[Top] [All Lists]

Re: draft-newman-i18n-collation-09.txt just posted

2006-05-16 11:33:37

Arnt Gulbrandsen writes:
Mark Davis writes:
At a quick glance, it appears that a number of comments have been incorporated.

It is possible that some of my changes don't satisfy you. I had conflicting requests for many things. Feel free to repeat, rephrase or add arguments.

In -10 (which I'll send off once I finish work this evening) I've made another few changes.

      > 2.4 Sort Keys

The use of the term "collation canonicalization" to refer to sort keys is very misleading. ...

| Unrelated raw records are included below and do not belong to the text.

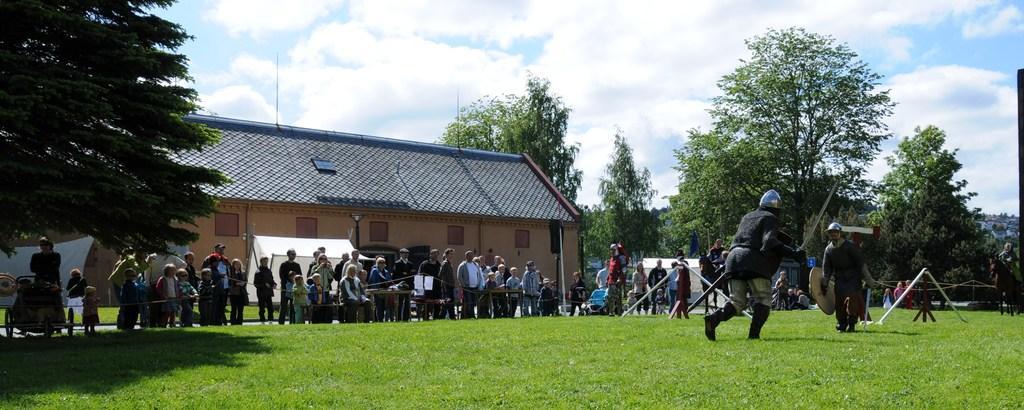Could you give a brief overview of what you see in this image? In this image I can see some grass on the ground and few persons wearing black colored dress and blue colored helmets are standing. I can see few metal poles, few person standing, few persons sitting on benches, few trees and few buildings. In the background I can see the sky. 
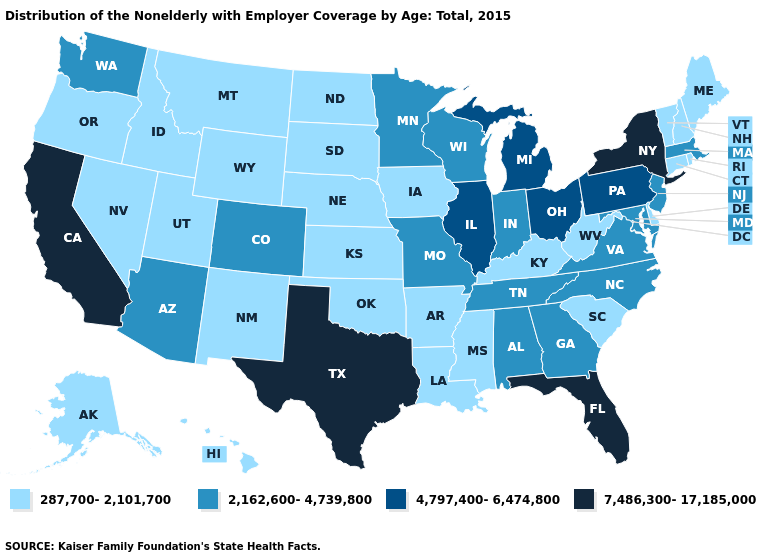How many symbols are there in the legend?
Keep it brief. 4. What is the value of Nevada?
Give a very brief answer. 287,700-2,101,700. What is the value of Arizona?
Keep it brief. 2,162,600-4,739,800. Which states hav the highest value in the MidWest?
Short answer required. Illinois, Michigan, Ohio. What is the value of Delaware?
Give a very brief answer. 287,700-2,101,700. What is the value of Maine?
Short answer required. 287,700-2,101,700. What is the value of New Mexico?
Write a very short answer. 287,700-2,101,700. What is the highest value in the USA?
Be succinct. 7,486,300-17,185,000. Name the states that have a value in the range 7,486,300-17,185,000?
Answer briefly. California, Florida, New York, Texas. Name the states that have a value in the range 2,162,600-4,739,800?
Be succinct. Alabama, Arizona, Colorado, Georgia, Indiana, Maryland, Massachusetts, Minnesota, Missouri, New Jersey, North Carolina, Tennessee, Virginia, Washington, Wisconsin. What is the value of California?
Write a very short answer. 7,486,300-17,185,000. Does New York have the highest value in the Northeast?
Write a very short answer. Yes. Does the first symbol in the legend represent the smallest category?
Be succinct. Yes. Among the states that border New York , does Connecticut have the lowest value?
Quick response, please. Yes. What is the value of North Dakota?
Short answer required. 287,700-2,101,700. 
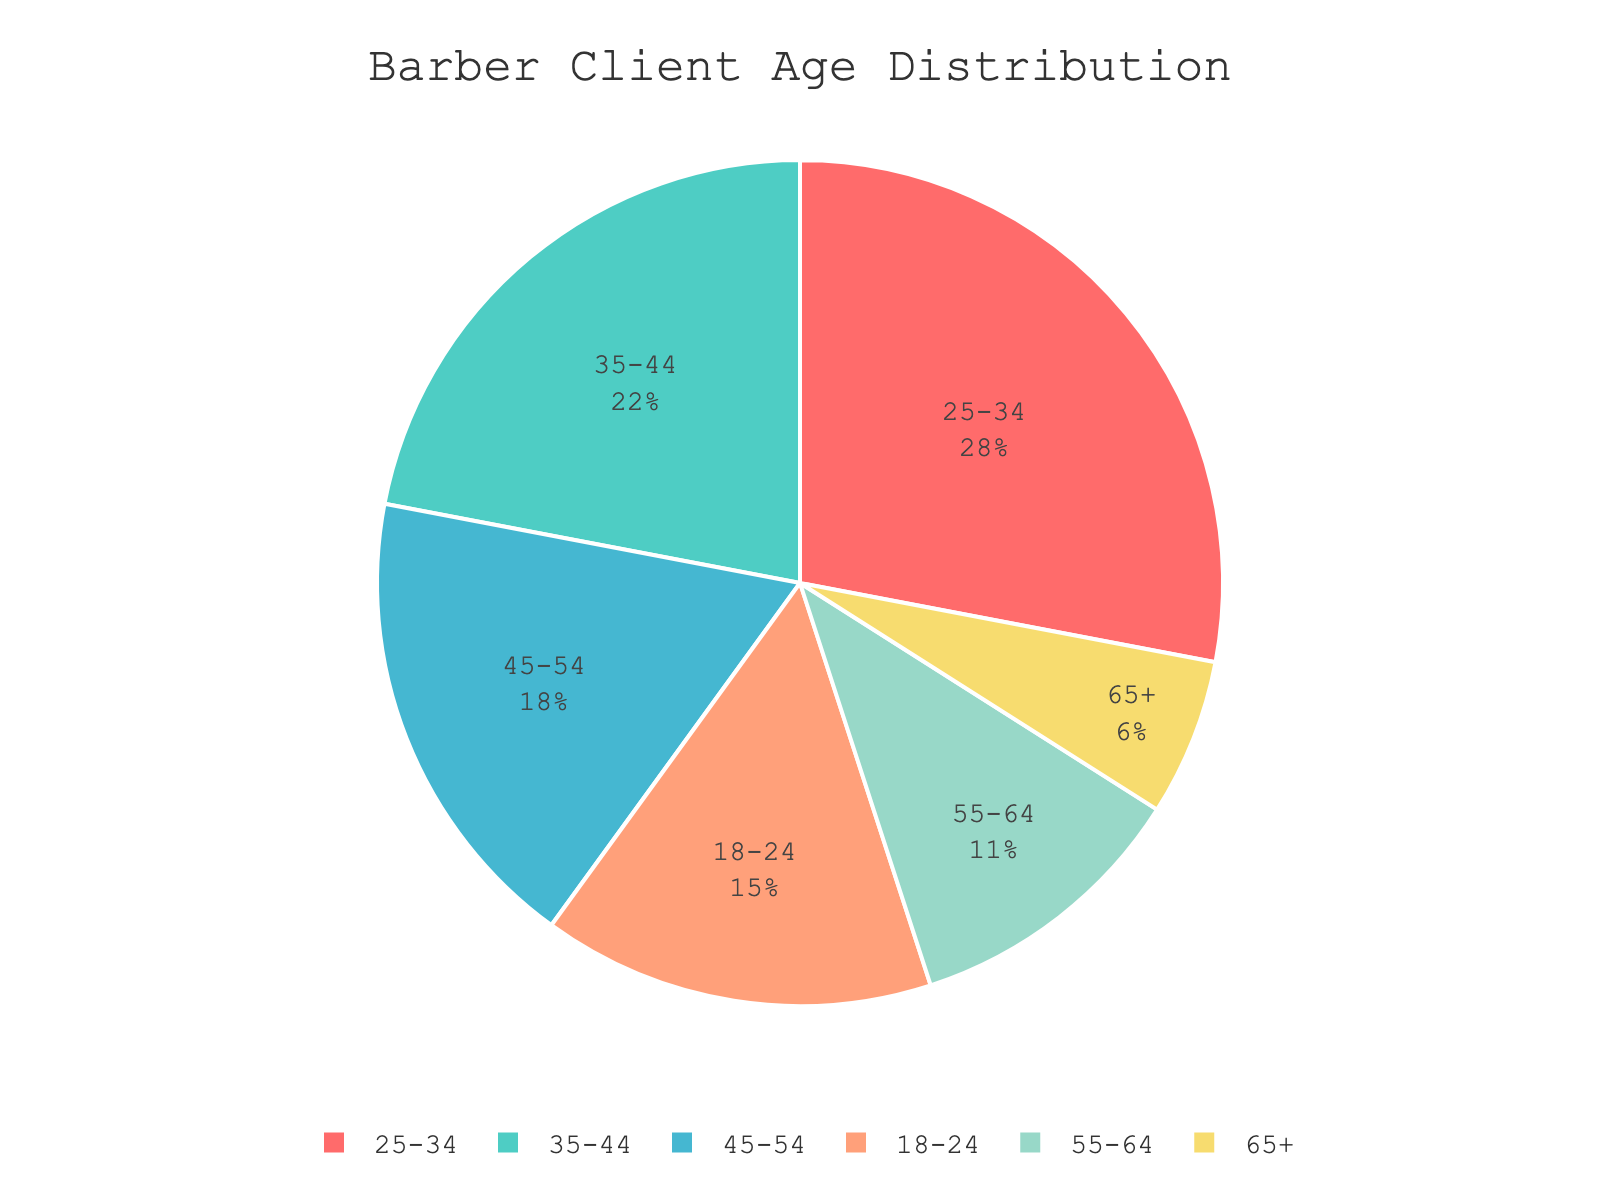Which age group makes up the largest percentage of barber clients? The figure shows a pie chart with various age groups and their percentages. By visually identifying the largest slice, we can see that the age group 25-34 has the highest value of 28%.
Answer: 25-34 What's the combined percentage of clients aged 45-54 and 55-64? By looking at the respective slices in the pie chart, the percentages are 18% for 45-54 and 11% for 55-64. Adding these values gives us 18% + 11% = 29%.
Answer: 29% Which age group has a smaller percentage of clients: 18-24 or 65+? To compare the two segments, we refer to their respective slices in the pie chart, which are 15% for 18-24 and 6% for 65+. Therefore, the 65+ group has a smaller percentage.
Answer: 65+ What is the difference in percentage between the 35-44 age group and the 55-64 age group? The figure shows 22% for the 35-44 age group and 11% for the 55-64 age group. Subtracting these values gives 22% - 11% = 11%.
Answer: 11% How much larger is the percentage of clients aged 25-34 compared to those aged 65+? By comparing the two slices, 25-34 is 28% and 65+ is 6%. The difference is 28% - 6% = 22%.
Answer: 22% Which color slice represents the clients aged 45-54? The pie chart uses distinct colors to represent different age groups. The 45-54 age group is represented by a yellow-toned slice.
Answer: yellow-toned What is the combined percentage of clients under 34 years old? The age groups under 34 years are 18-24 and 25-34. Summing their percentages, we get 15% + 28% = 43%.
Answer: 43% Are there more clients aged 18-24 or those in the 45-54 age group? The pie chart shows 15% for 18-24 and 18% for 45-54. Therefore, there are more clients aged 45-54 than 18-24.
Answer: 45-54 
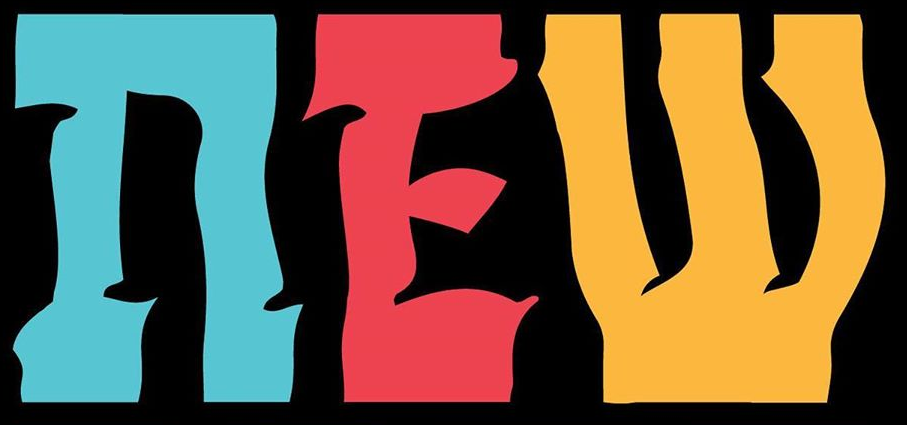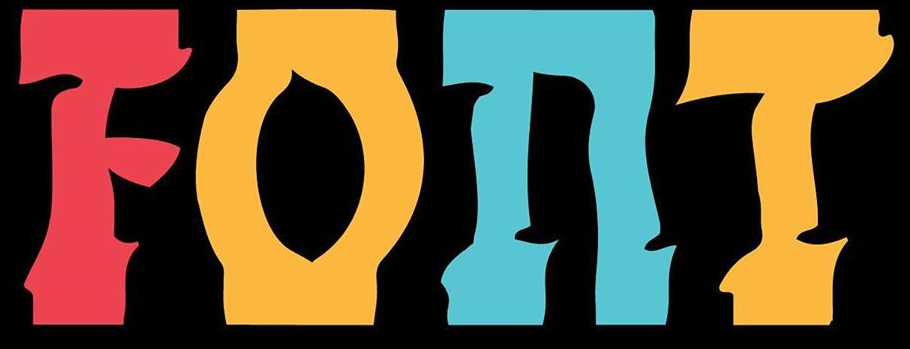What words are shown in these images in order, separated by a semicolon? nEW; FOnT 
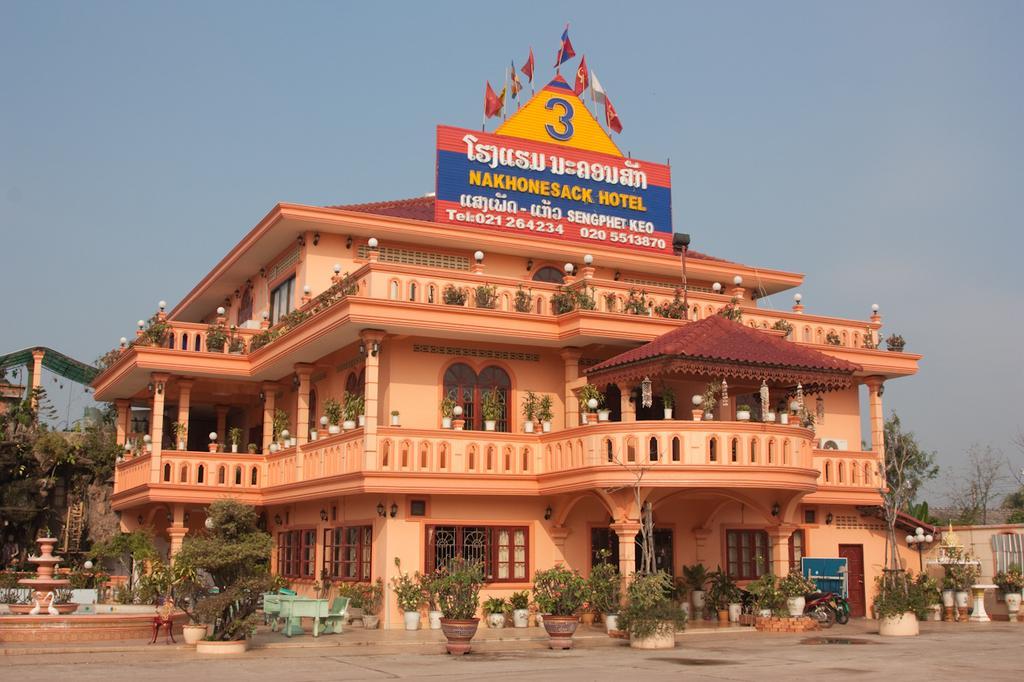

Changed; the text now speaks of sort keys. I'm afraid there still are instances of the old term around, I found one today.

In -10, all should be dead.

The term 'error' is also problematic, since what is really at issue is a question of domain. For all those strings in the domain, either 'equal' or 'not_equal' should be returned from the equality function. For any string not in the domain, 'undefined' should be returned.

Not changed. Back in February, I agreed that "error" was not ideal, but did not see "undefined" as better, and could not find a really apt term. The collations were a little too well-defined in the "undefined" cases then.

However, in -10, I think they really will be undefined outside their domain, so I'll change to using "undefined" instead of "error". (I'm removing the bits that fall back to i;octet.)

Changed. The fallback to i;octet is now in the server, if the protocol requires it.

This means that if a server can escape implementing i;octet, it can keep all its strings in UCS-2 or UCS-4 internally, even as it implements collations which are defined in terms of octets.